Mad Love
rating: +96+x

Have you ever loved someone?

Not that family love, or devotion…but real, blind love. I don't think people know how dangerous real, true love is. Love will make you do great things, but it can also make you do terrible, terrible things. You'll lie, cheat, steal, sell out your best friend, your family…yourself, all for the hope, just the hope, that it will make the object of your love happy. Just the hope.

I met her after high school. I'd known her during, but never got up the gumption to ask her out. One day, we both happened to be visiting the same friends…we got talking…there it was. It was like a fever. I felt sick with love, that kind of warm self-destructive burn that you get in the grip of a sickness. It's unpleasant, yes…but comforting, too. It took me three months to say I loved her. I think she knew from the first second I saw her. I kissed her for the first time after helping her take out her trash. Or, rather, she kissed me. I felt like I'd been hit by a bus, and I wanted it to happen again.

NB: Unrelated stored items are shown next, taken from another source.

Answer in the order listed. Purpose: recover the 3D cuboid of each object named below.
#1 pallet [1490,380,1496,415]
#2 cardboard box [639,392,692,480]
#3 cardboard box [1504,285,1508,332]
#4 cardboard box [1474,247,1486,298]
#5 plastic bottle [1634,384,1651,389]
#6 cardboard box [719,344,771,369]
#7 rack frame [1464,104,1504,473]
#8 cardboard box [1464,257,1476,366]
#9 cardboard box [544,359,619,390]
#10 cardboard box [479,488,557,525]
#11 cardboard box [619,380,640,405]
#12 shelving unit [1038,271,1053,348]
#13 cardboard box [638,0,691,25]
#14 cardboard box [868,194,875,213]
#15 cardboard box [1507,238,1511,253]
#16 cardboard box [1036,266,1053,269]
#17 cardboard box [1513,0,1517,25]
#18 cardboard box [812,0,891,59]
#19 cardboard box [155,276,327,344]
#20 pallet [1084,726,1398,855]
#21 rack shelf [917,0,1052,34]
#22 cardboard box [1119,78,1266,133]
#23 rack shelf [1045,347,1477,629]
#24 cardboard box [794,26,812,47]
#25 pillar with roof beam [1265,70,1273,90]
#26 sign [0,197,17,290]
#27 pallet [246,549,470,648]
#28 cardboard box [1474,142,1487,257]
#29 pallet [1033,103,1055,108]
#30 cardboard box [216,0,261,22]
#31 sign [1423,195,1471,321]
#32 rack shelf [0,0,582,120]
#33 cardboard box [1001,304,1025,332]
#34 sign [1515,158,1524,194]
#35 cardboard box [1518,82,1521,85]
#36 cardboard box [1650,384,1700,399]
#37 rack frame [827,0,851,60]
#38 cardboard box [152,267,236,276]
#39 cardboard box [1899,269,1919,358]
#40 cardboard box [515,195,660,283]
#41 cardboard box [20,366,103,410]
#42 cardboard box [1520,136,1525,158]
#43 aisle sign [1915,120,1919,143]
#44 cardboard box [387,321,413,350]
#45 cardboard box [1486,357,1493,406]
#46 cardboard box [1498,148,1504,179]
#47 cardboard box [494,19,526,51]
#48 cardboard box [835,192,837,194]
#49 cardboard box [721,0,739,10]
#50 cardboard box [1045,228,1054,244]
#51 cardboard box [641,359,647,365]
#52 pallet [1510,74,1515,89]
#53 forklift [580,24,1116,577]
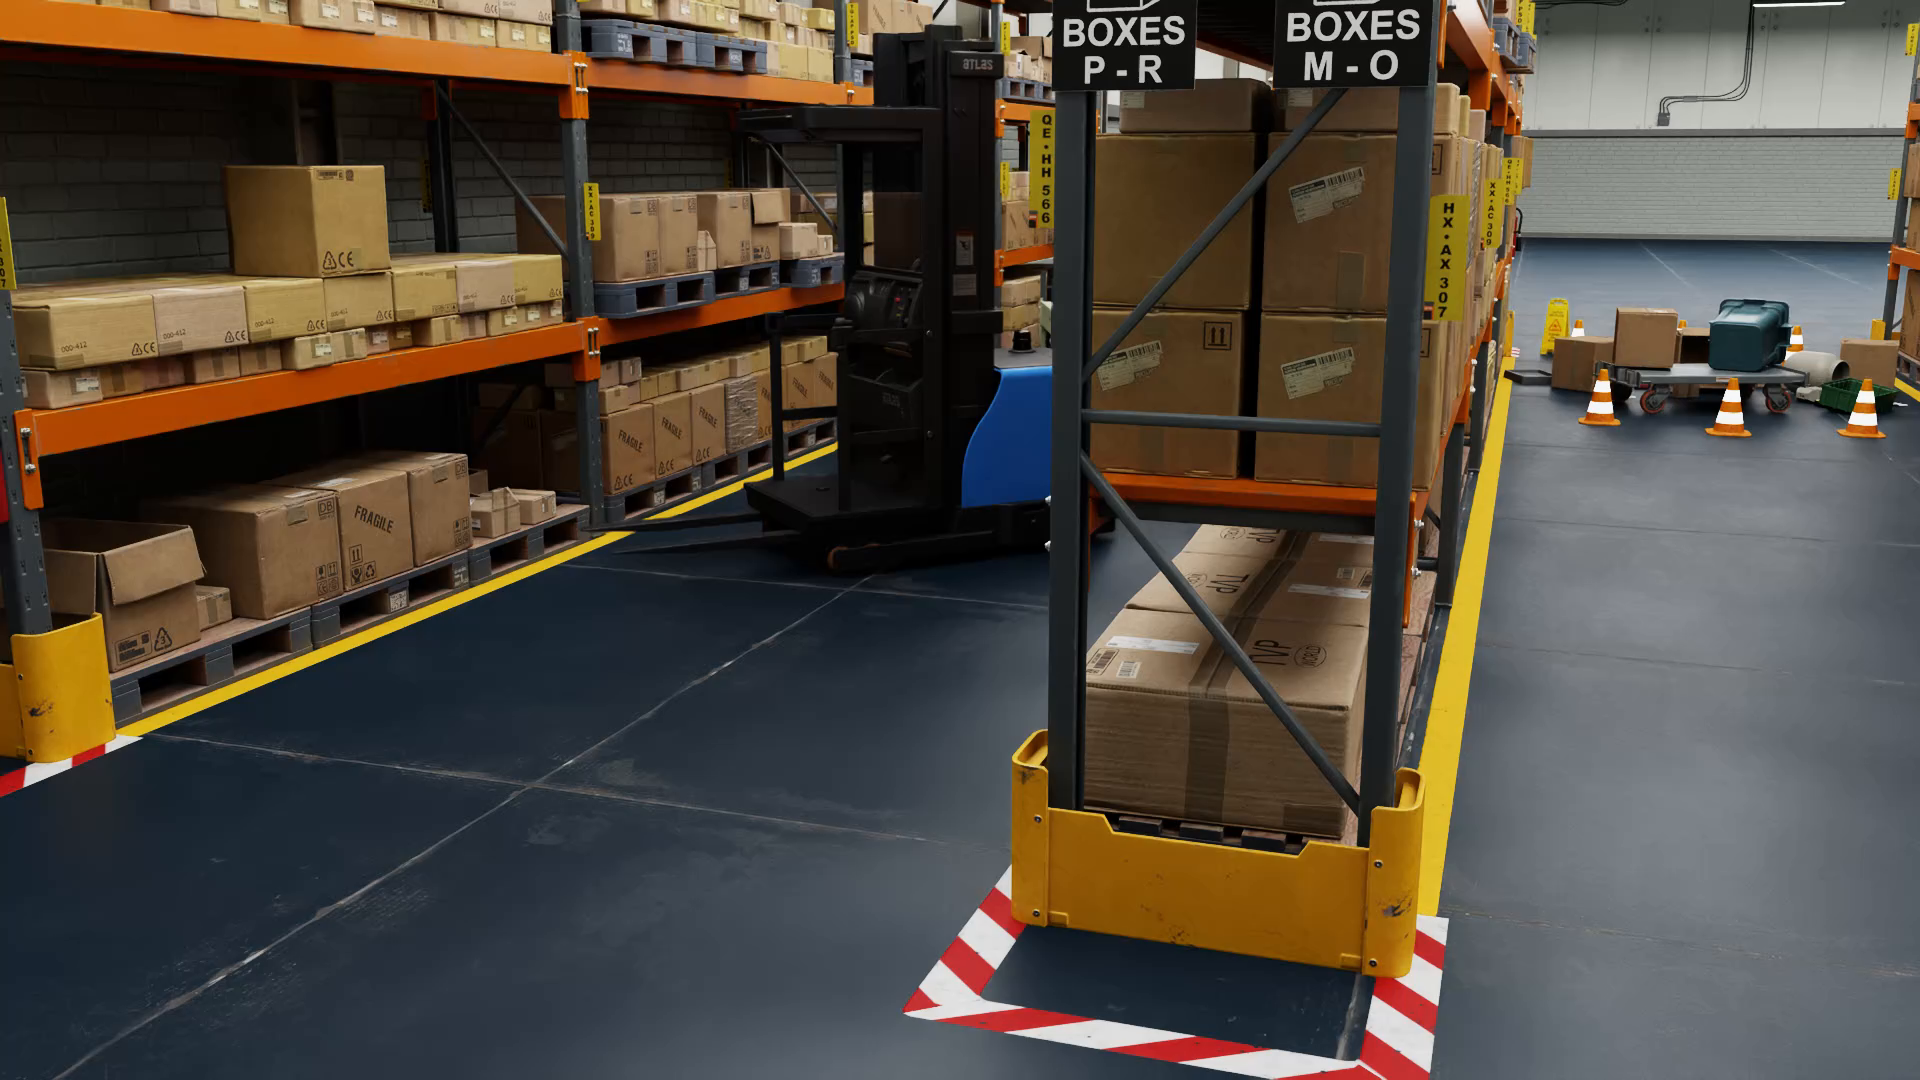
[{"bbox_3d":[4.385,-1.323,15.308,1.003,0.211,1.213,4,14,18],"label":"pallet"},{"bbox_3d":[-2.118,-0.703,11.000,0.500,0.500,0.500,4,14,18],"label":"cardboard box"},{"bbox_3d":[5.413,-2.403,17.327,0.500,0.500,0.500,5,14,21],"label":"cardboard box"},{"bbox_3d":[2.456,-1.405,8.615,0.500,0.250,0.500,4,13,17],"label":"cardboard box"},{"bbox_3d":[6.828,-1.550,16.642,0.133,0.061,0.283,7,15,28],"label":"plastic bottle"},{"bbox_3d":[-1.591,-1.376,12.493,0.380,0.149,0.250,5,14,20],"label":"cardboard box"},{"bbox_3d":[3.341,-2.004,12.027,1.000,3.000,0.127,4,14,18],"label":"rack frame"},{"bbox_3d":[2.139,-1.094,7.817,0.500,0.500,0.500,4,14,19],"label":"cardboard box"},{"bbox_3d":[-2.340,-1.026,10.291,0.380,0.149,0.250,4,13,17],"label":"cardboard box"},{"bbox_3d":[-2.553,-0.195,9.563,0.380,0.149,0.250,4,13,17],"label":"cardboard box"},{"bbox_3d":[-2.267,-0.941,10.585,0.380,0.149,0.250,4,13,17],"label":"cardboard box"},{"bbox_3d":[0.761,-0.991,10.958,0.431,1.500,0.755,-1,13,-3],"label":"shelving unit"},{"bbox_3d":[-1.909,-3.305,10.384,0.380,0.149,0.250,5,14,19],"label":"cardboard box"},{"bbox_3d":[-0.890,-2.828,13.953,0.380,0.149,0.250,5,14,20],"label":"cardboard box"},{"bbox_3d":[5.464,-3.036,17.111,0.380,0.149,0.250,4,14,19],"label":"cardboard box"},{"bbox_3d":[1.218,-3.169,20.121,0.500,0.250,0.500,5,14,19],"label":"cardboard box"},{"bbox_3d":[3.201,-3.498,10.662,0.700,0.500,0.500,4,13,16],"label":"cardboard box"},{"bbox_3d":[-0.892,-4.260,13.778,0.500,0.500,0.500,4,14,19],"label":"cardboard box"},{"bbox_3d":[-3.219,-1.037,7.460,0.500,0.250,0.500,4,13,17],"label":"cardboard box"},{"bbox_3d":[0.938,0.866,5.719,1.003,0.211,1.213,4,14,18],"label":"pallet"},{"bbox_3d":[0.585,-6.003,18.581,1.077,0.370,4.000,4,14,18],"label":"rack shelf"},{"bbox_3d":[0.679,-1.262,4.846,0.380,0.149,0.250,5,14,19],"label":"cardboard box"},{"bbox_3d":[1.400,-0.390,6.572,1.077,0.370,4.000,4,14,18],"label":"rack shelf"},{"bbox_3d":[-1.346,-3.799,12.591,0.380,0.149,0.250,4,13,17],"label":"cardboard box"},{"bbox_3d":[11.993,-11.631,40.725,9.100,9.000,0.548,4,14,18],"label":"pillar with roof beam"},{"bbox_3d":[-3.432,-1.059,5.942,0.100,0.325,0.005,4,14,18],"label":"sign"},{"bbox_3d":[-3.267,0.244,8.447,1.003,0.211,1.213,4,14,18],"label":"pallet"},{"bbox_3d":[2.156,-1.579,7.692,0.500,0.500,0.500,4,14,18],"label":"cardboard box"},{"bbox_3d":[0.979,-5.317,20.001,1.003,0.211,1.213,4,14,18],"label":"pallet"},{"bbox_3d":[-3.207,-2.277,7.047,0.380,0.149,0.250,4,14,18],"label":"cardboard box"},{"bbox_3d":[1.276,-0.739,4.361,0.100,0.325,0.005,4,14,18],"label":"sign"},{"bbox_3d":[-3.298,-2.209,7.800,1.077,0.370,4.000,4,14,18],"label":"rack shelf"},{"bbox_3d":[0.386,-2.390,17.831,0.500,0.250,0.500,4,14,18],"label":"cardboard box"},{"bbox_3d":[5.162,-3.371,15.416,0.100,0.325,0.005,4,14,18],"label":"sign"},{"bbox_3d":[5.195,-4.563,16.165,0.500,0.250,0.500,4,14,18],"label":"cardboard box"},{"bbox_3d":[6.930,-1.530,16.095,0.258,0.266,0.396,-5,14,-21],"label":"cardboard box"},{"bbox_3d":[-1.357,-5.285,12.921,1.000,3.000,0.127,4,14,18],"label":"rack frame"},{"bbox_3d":[-3.545,-1.186,8.114,0.500,0.250,0.500,4,14,18],"label":"cardboard box"},{"bbox_3d":[10.489,-2.375,17.482,0.875,0.875,0.875,4,14,19],"label":"cardboard box"},{"bbox_3d":[-2.283,-1.857,10.217,0.700,0.500,0.500,5,14,20],"label":"cardboard box"},{"bbox_3d":[-3.579,-0.603,6.454,0.380,0.149,0.250,4,14,18],"label":"cardboard box"},{"bbox_3d":[5.169,-3.710,16.363,0.700,0.500,0.500,4,14,19],"label":"cardboard box"},{"bbox_3d":[10.385,-4.657,17.809,0.394,0.787,0.004,4,14,18],"label":"aisle sign"},{"bbox_3d":[-2.996,-1.042,8.378,0.380,0.149,0.250,5,14,19],"label":"cardboard box"},{"bbox_3d":[4.015,-1.361,14.171,0.950,0.372,0.625,5,14,20],"label":"cardboard box"},{"bbox_3d":[3.263,-2.304,10.869,0.500,0.500,0.500,5,14,19],"label":"cardboard box"},{"bbox_3d":[-2.570,-2.710,8.943,0.380,0.149,0.250,4,14,18],"label":"cardboard box"},{"bbox_3d":[-1.151,-3.028,14.831,0.380,0.149,0.250,4,14,18],"label":"cardboard box"},{"bbox_3d":[-1.696,-3.616,11.078,0.380,0.149,0.250,4,14,19],"label":"cardboard box"},{"bbox_3d":[0.827,-3.648,19.005,0.500,0.500,0.500,4,14,19],"label":"cardboard box"},{"bbox_3d":[-2.426,-1.194,11.696,0.380,0.149,0.250,5,14,19],"label":"cardboard box"},{"bbox_3d":[4.002,-3.876,13.910,1.213,0.211,1.003,4,14,18],"label":"pallet"},{"bbox_3d":[-0.620,-1.362,9.371,3.031,2.935,1.130,-7,14,-27],"label":"forklift"}]

Do you always mean what you say, when you talk to your loved ones? Honestly, do you? Think about it. How often do you say “I love you” to fill up space. How often do you say “we'll always be together” more to quiet fears than as a deep expression of caring. I told her I would do anything for her, that I would give everything I had to be with her, always. We'd just made love the first time, on her mother's living room floor, while watching Nosferatu, of all things. I've still never seen the end of that movie.

I meant it, when I said it. I felt it, like swallowing a small stone, a weight inside me. I would do anything for her.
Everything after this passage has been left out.